Banking industry specialists suggest that one of the healthiest assets today is credit products, especially, wealth management loans. “At the high-net-worth end of the spectrum, loan products have been very healthy, and that is being seen in companies like Morgan Stanley, where wealth management loan balances have risen by more than 30% year-over-year,” he told Reuters Devin Ryan, analista de JMP Securities.

Financial giants such as Morgan Stanley, JP Morgan and Bank of America this week reported double-digit growth in the balances and revenues of wealth management loans.

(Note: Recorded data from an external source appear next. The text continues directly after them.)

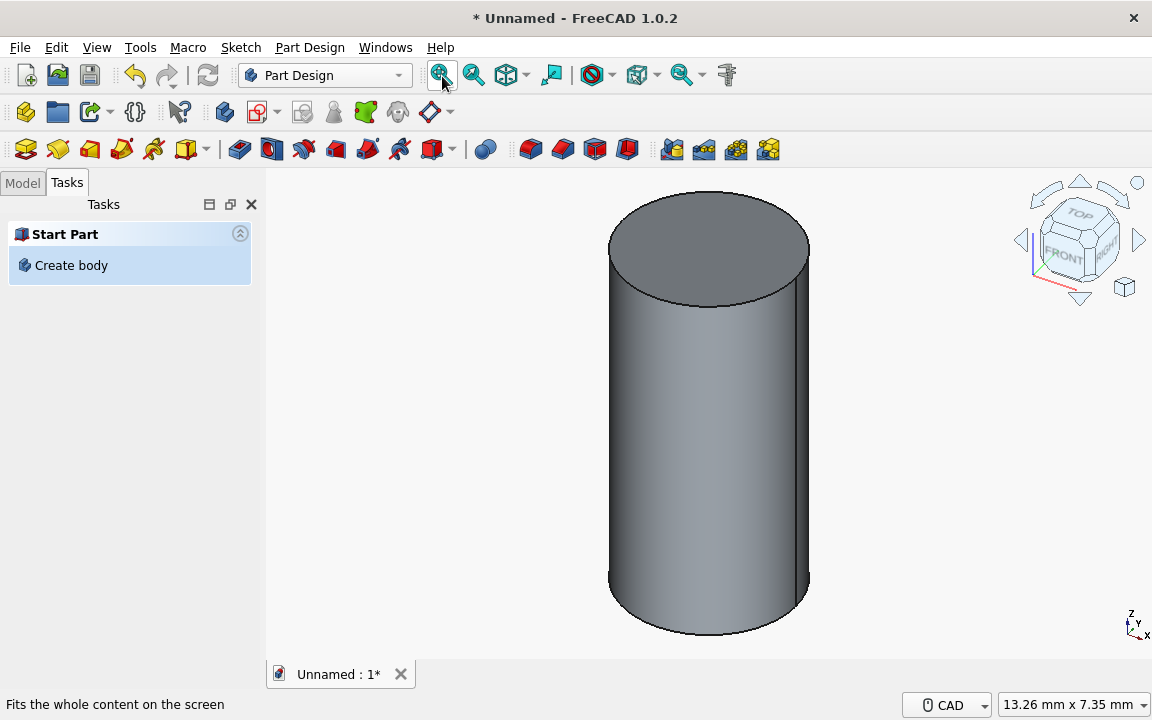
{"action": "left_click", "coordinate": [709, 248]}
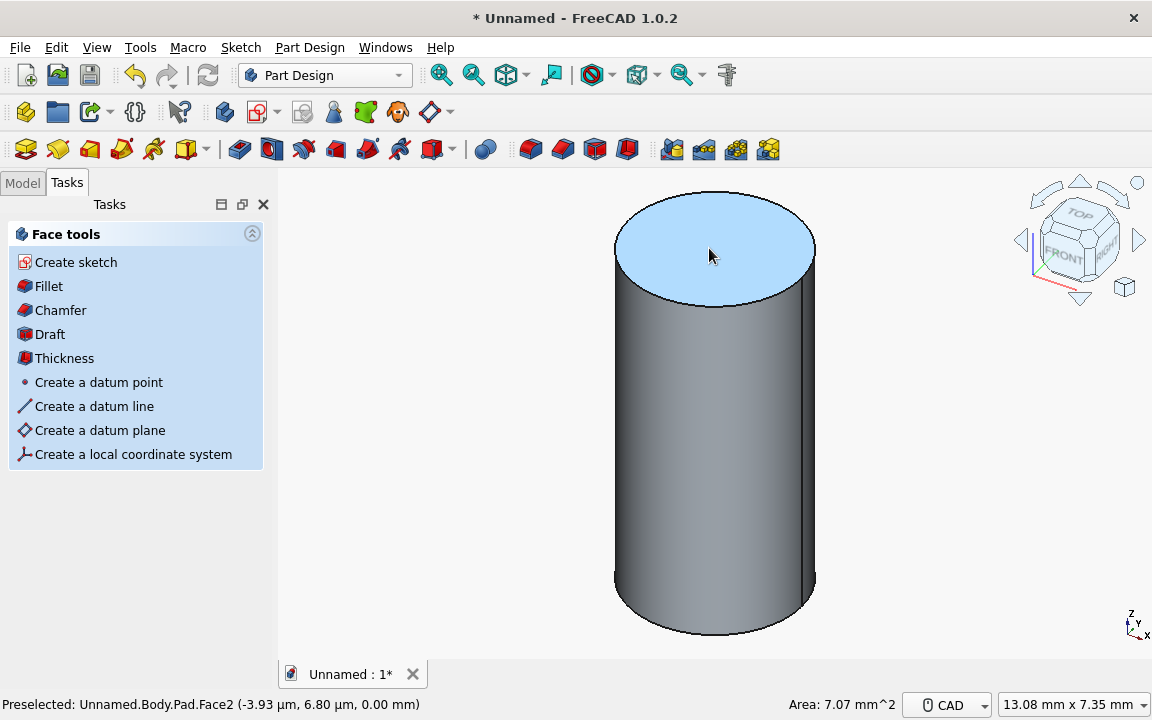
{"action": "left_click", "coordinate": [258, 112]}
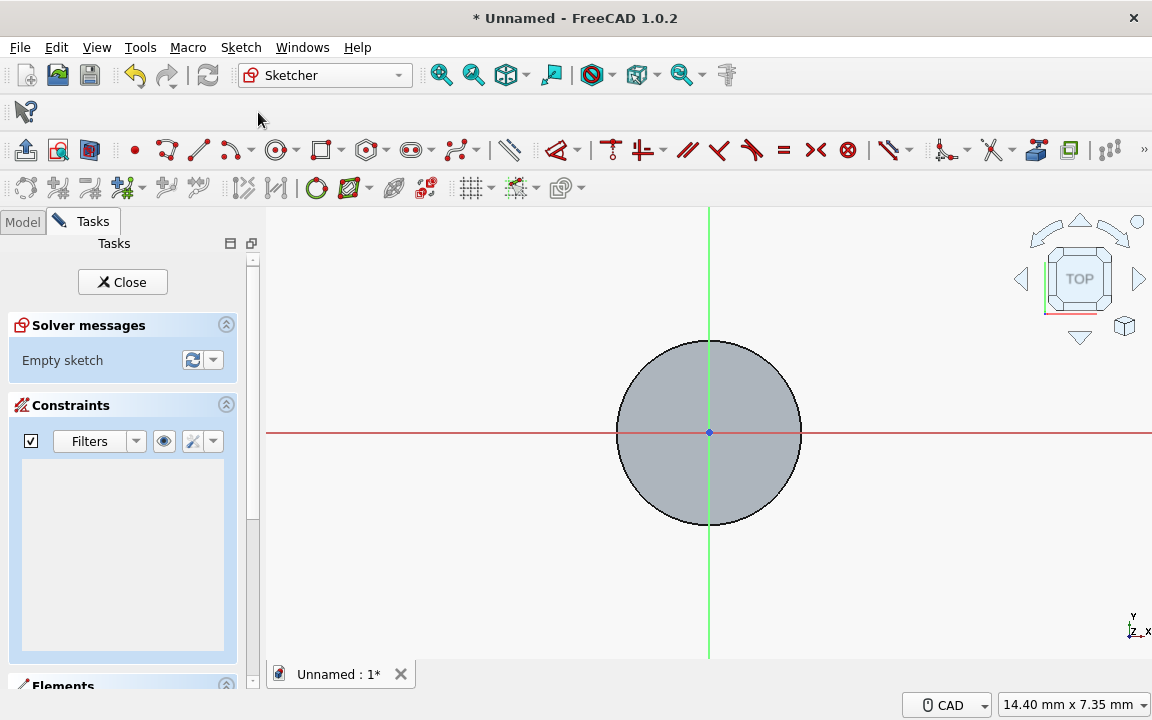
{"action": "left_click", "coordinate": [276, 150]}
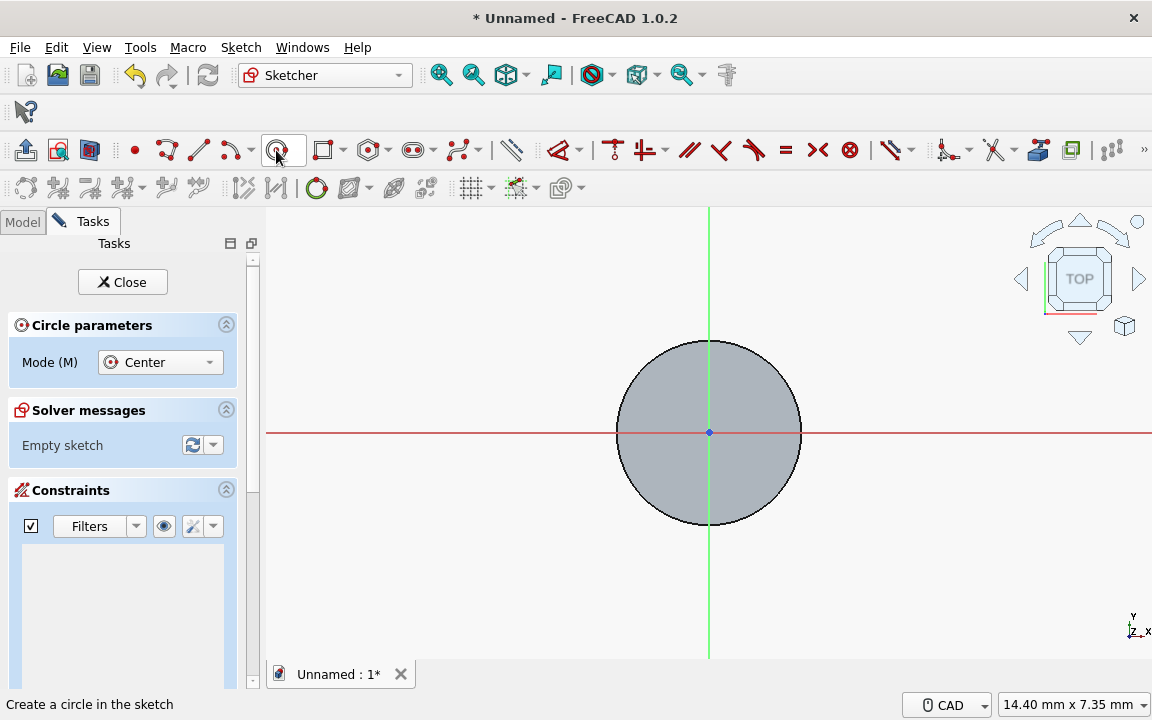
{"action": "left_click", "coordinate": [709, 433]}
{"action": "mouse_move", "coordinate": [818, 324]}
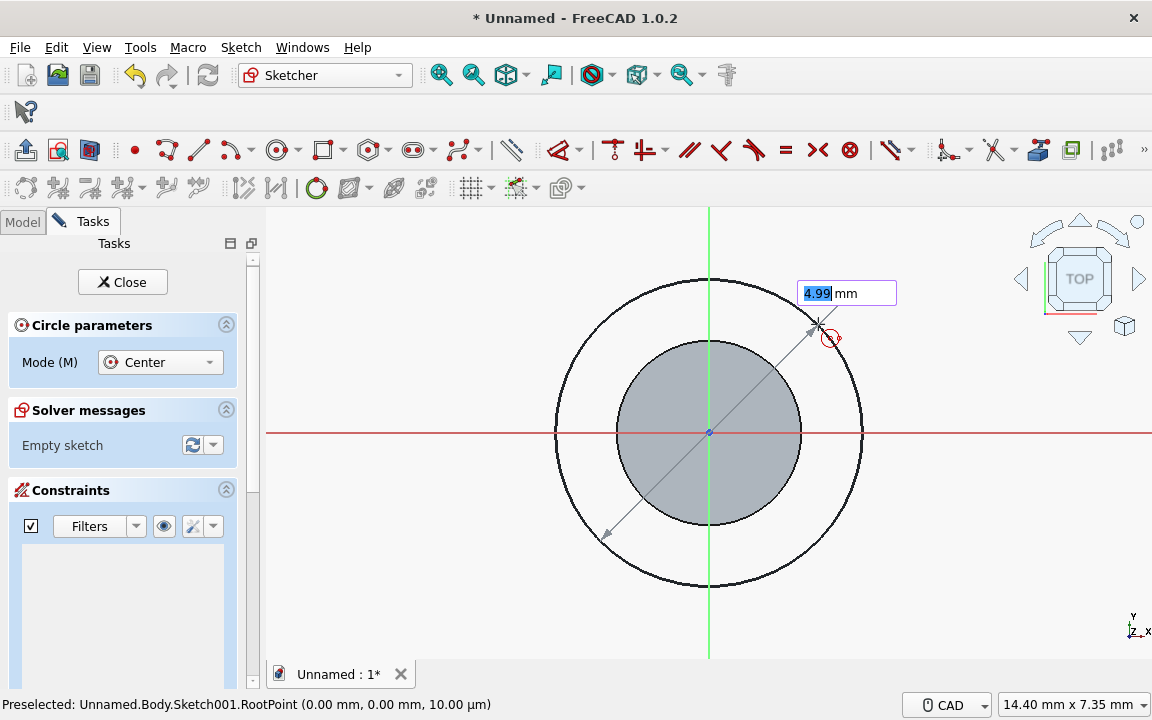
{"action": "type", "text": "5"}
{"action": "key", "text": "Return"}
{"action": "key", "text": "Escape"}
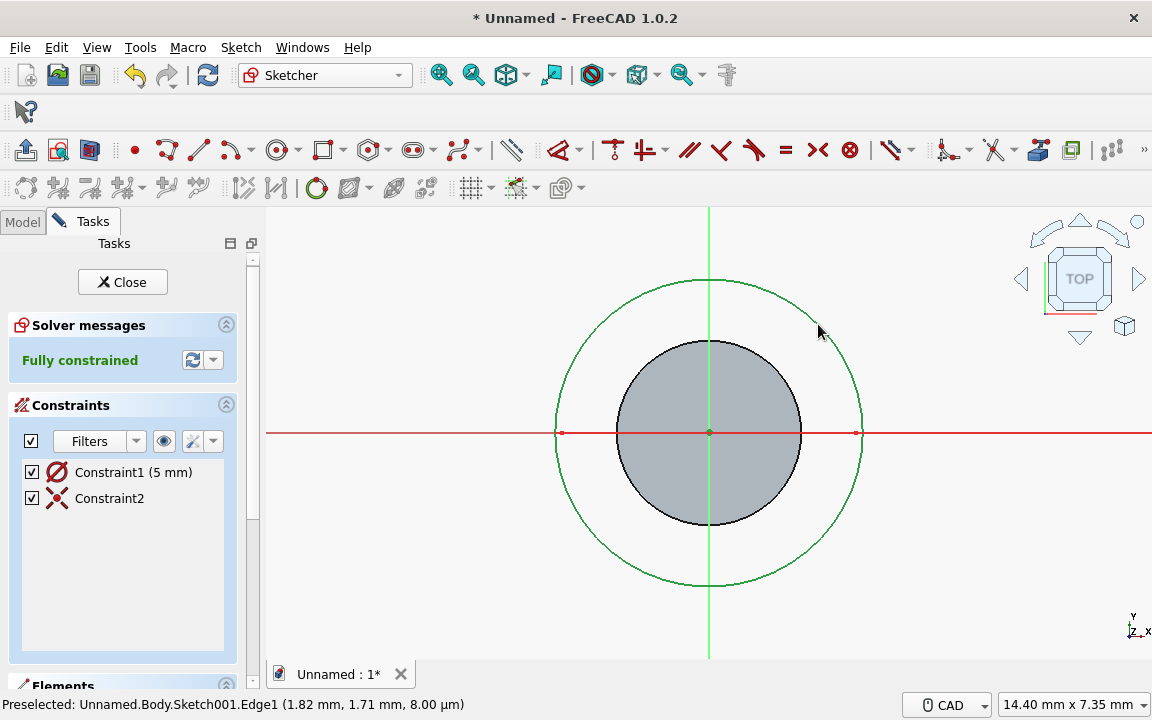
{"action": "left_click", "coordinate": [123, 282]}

Specifically, Morgan Stanley’s wealth management loan balances reached $ 121 billion, 33% more than last year.

Bank of America’s Merrill Lynch Wealth Management asset management business reported revenue record $ 4.5 billion, 19% more than in 2020, while loan balances grew 10%, reaching 133,000 million dollars.

Likewise, JP Morgan’s wealth management business posted a revenue growth of 21%, with $ 4.3 billion, while average loans increased 20% compared to 2020.

According to a report of Boston Consulting Group, global financial wealth soared to a record $ 250 trillion in 2020, which has increased the demand for wealth managers, increased the value of assets under management, and made it more attractive for clients to borrow. In fact, generally speaking, the wealth management businesses of large US banks have performed excellently in the third quarter of 2021.